Steve Maman affirme qu'il a commencé à financer la libération de personnes retenues de force par l'État islamique il y a huit mois, avec son propre argent. «À l'époque, ça coûtait de 50 à 250$ par personne. Les coûts étaient une bagatelle», dit-il. Une centaine de personnes auraient ainsi été secourues, selon lui. Ce n'est qu'en juin qu'il a créé CYCI. Entre-temps, le tarif avait changé. «Ça a vachement augmenté. Le prix de nos courtiers est de 2000 à 3000$ environ, parfois jusqu'à 3500 ou 4000$», dit-il. Pour élevées qu'elles soient, ces sommes sont nettement inférieures aux rançons payées par les familles irakiennes pour récupérer des proches capturés par l'EI. «Les derniers cas ont coûté entre 25 000 et 40 000$», a indiqué à La Presse un haut placé d'une organisation de défense des droits de la personne, qui a requis l'anonymat.

Qui sont ces «courtiers» ?

CYCI dit faire affaire avec des «courtiers» pour obtenir la libération des femmes et enfants prisonniers de l'EI. Qui sont-ils? Pour des raisons de sécurité, leur identité demeure confidentielle, indique CYCI sur son internet. «Nos hommes sur le terrain sont en contact direct avec des courtiers qui vivent à l'intérieur du califat de l'État islamique et suivent les règles extrêmes qui s'y appliquent», peut-on lire. «Ces "courtiers" travaillent fort et se font passer pour des citoyens favorables à l'EI afin de racheter les filles. [...] La plupart de ces courtiers ont perdu des frères, des parents par alliance, des cousins, etc. et pourvoient au besoin de leurs familles.»

Où vont les rescapées?

Après leur libération, les femmes «sont envoyées au camp pour personnes déplacées du chanoine Andrew White au Kurdistan», peut-on lire sur le site de CYCI. Le chanoine était jusqu'en 2014 prêtre à Bagdad, avant d'être rappelé par l'Église anglicane pour des raisons de sécurité.
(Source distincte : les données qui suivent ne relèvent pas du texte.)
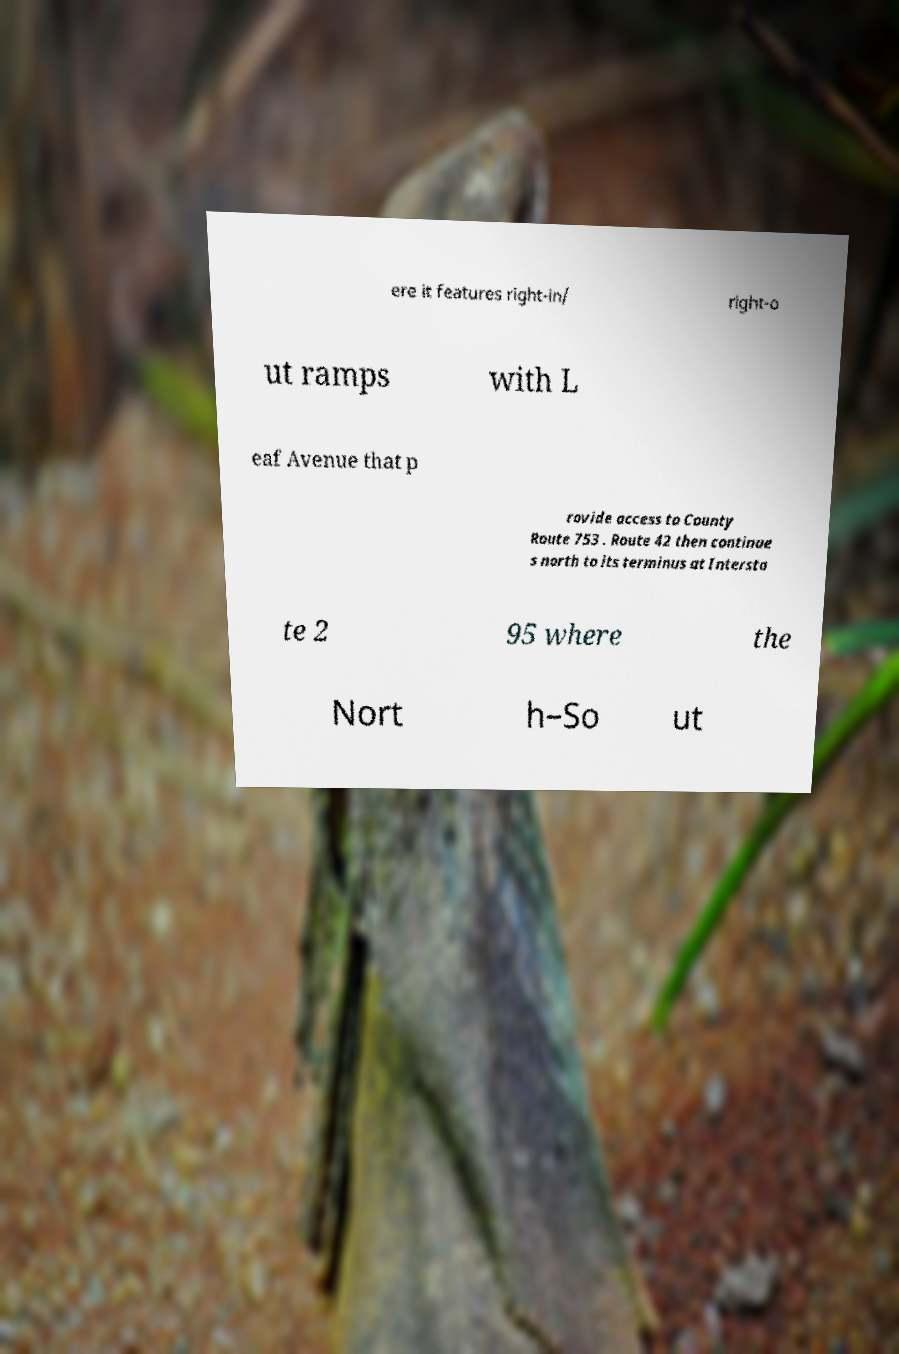Please read and relay the text visible in this image. What does it say? ere it features right-in/ right-o ut ramps with L eaf Avenue that p rovide access to County Route 753 . Route 42 then continue s north to its terminus at Intersta te 2 95 where the Nort h–So ut 
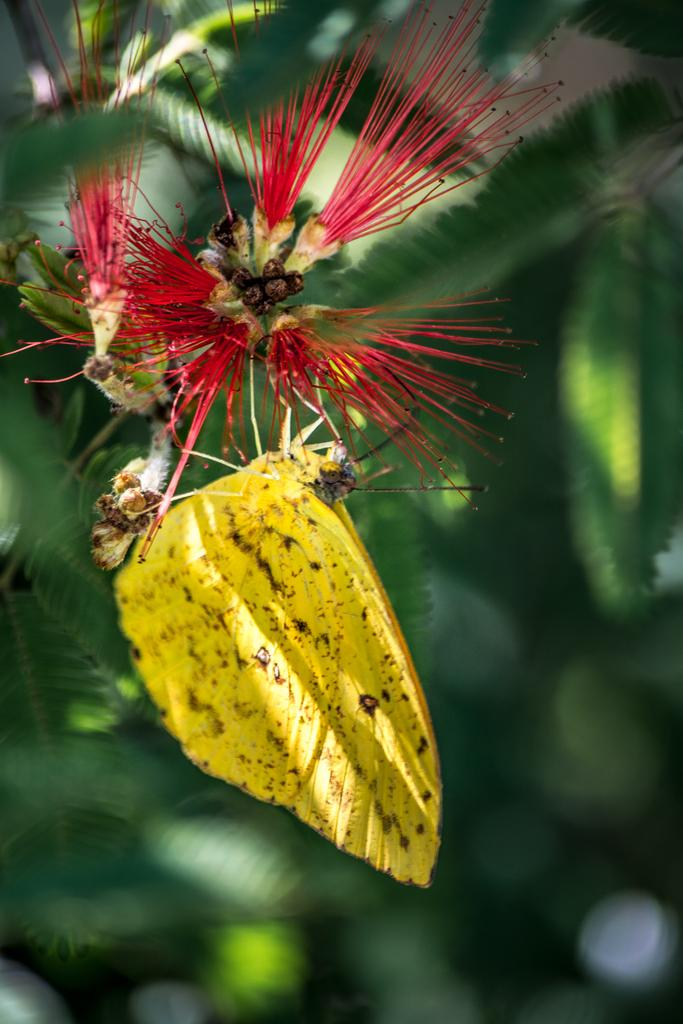What is the main subject of the image? There is a butterfly in the image. Where is the butterfly located? The butterfly is on a flower. Can you describe the background of the image? The background of the image is blurry. How many babies are present on the hill in the image? There are no babies or hills present in the image; it features a butterfly on a flower with a blurry background. 
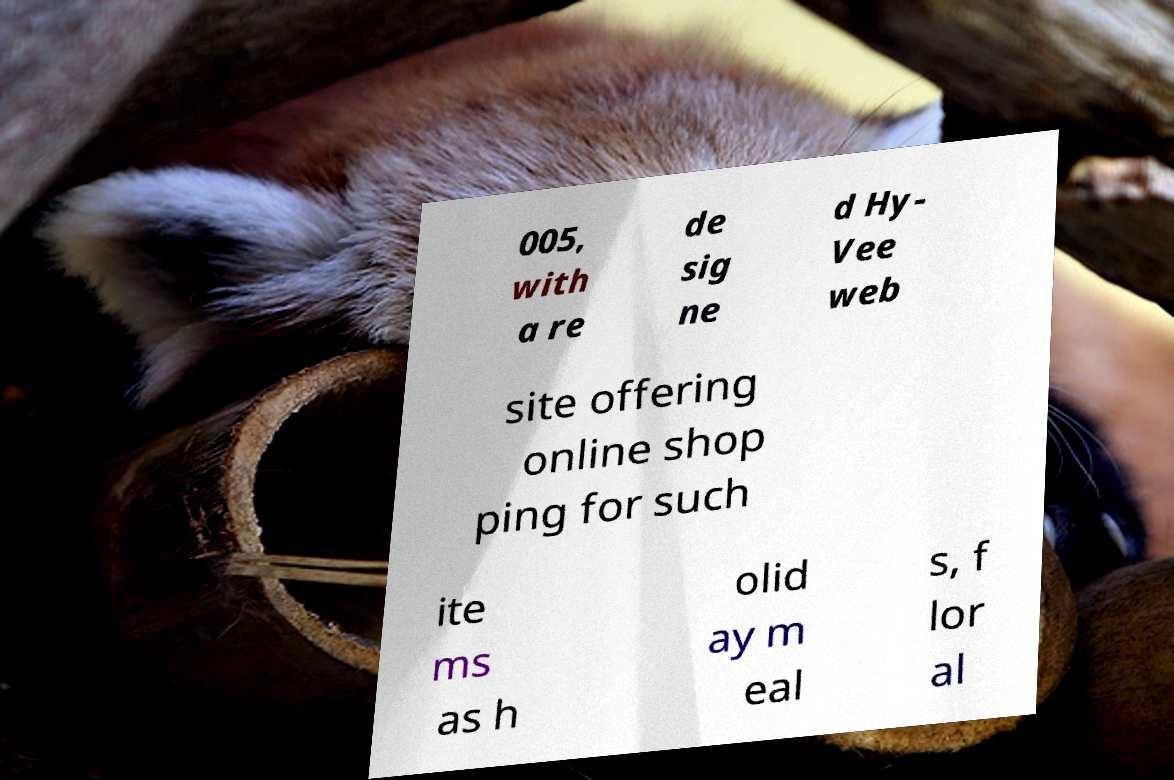Could you extract and type out the text from this image? 005, with a re de sig ne d Hy- Vee web site offering online shop ping for such ite ms as h olid ay m eal s, f lor al

Dans un courriel cité par Vice News, Rasheed Rasheed, porte-parole du Haut-Commissariat des Nations unies pour les réfugiés à Dohuk, indique toutefois que «le HCR ne connaît aucun camp dirigé par «Andrew White, le vicaire de Bagdad ou le chanoine White». La Fondation pour le secours et la réconciliation au Moyen-Orient, qu'il dirige, mentionne toutefois sur son site internet subvenir aux besoins médicaux des jeunes filles yézidies et chrétiennes libérées des griffes de l'EI. 

Une corroboration? 

CYCI a publié vendredi le témoignage d'un Canadien installé au Kurdistan, Sean Moore, originaire de Chatham en Ontario, qui se présente sur Facebook comme un détenteur de «Canadian International PRESS creds» (carte de presse canadienne internationale, sic). Il dit avoir assisté à une libération organisée par CYCI, à l'invitation de M. Maman. «Les membres de l'équipe de M. Maman sur le terrain sont des experts et ça paraît», écrit-il. La Presse n'a pas trouvé de traces de reportages que M. Moore aurait publiés. Sur sa page Facebook, il dit faire du travail humanitaire au Kurdistan depuis janvier. Depuis le 12 août, il récolte sur le site de sociofinancement GoFundMe de l'argent pour distribuer des denrées aux habitants de la région. Il a récolté 3000$ jusqu'ici, dont 2000$ samedi. Nous avons tenté sans succès de communiquer avec M. Moore, hier.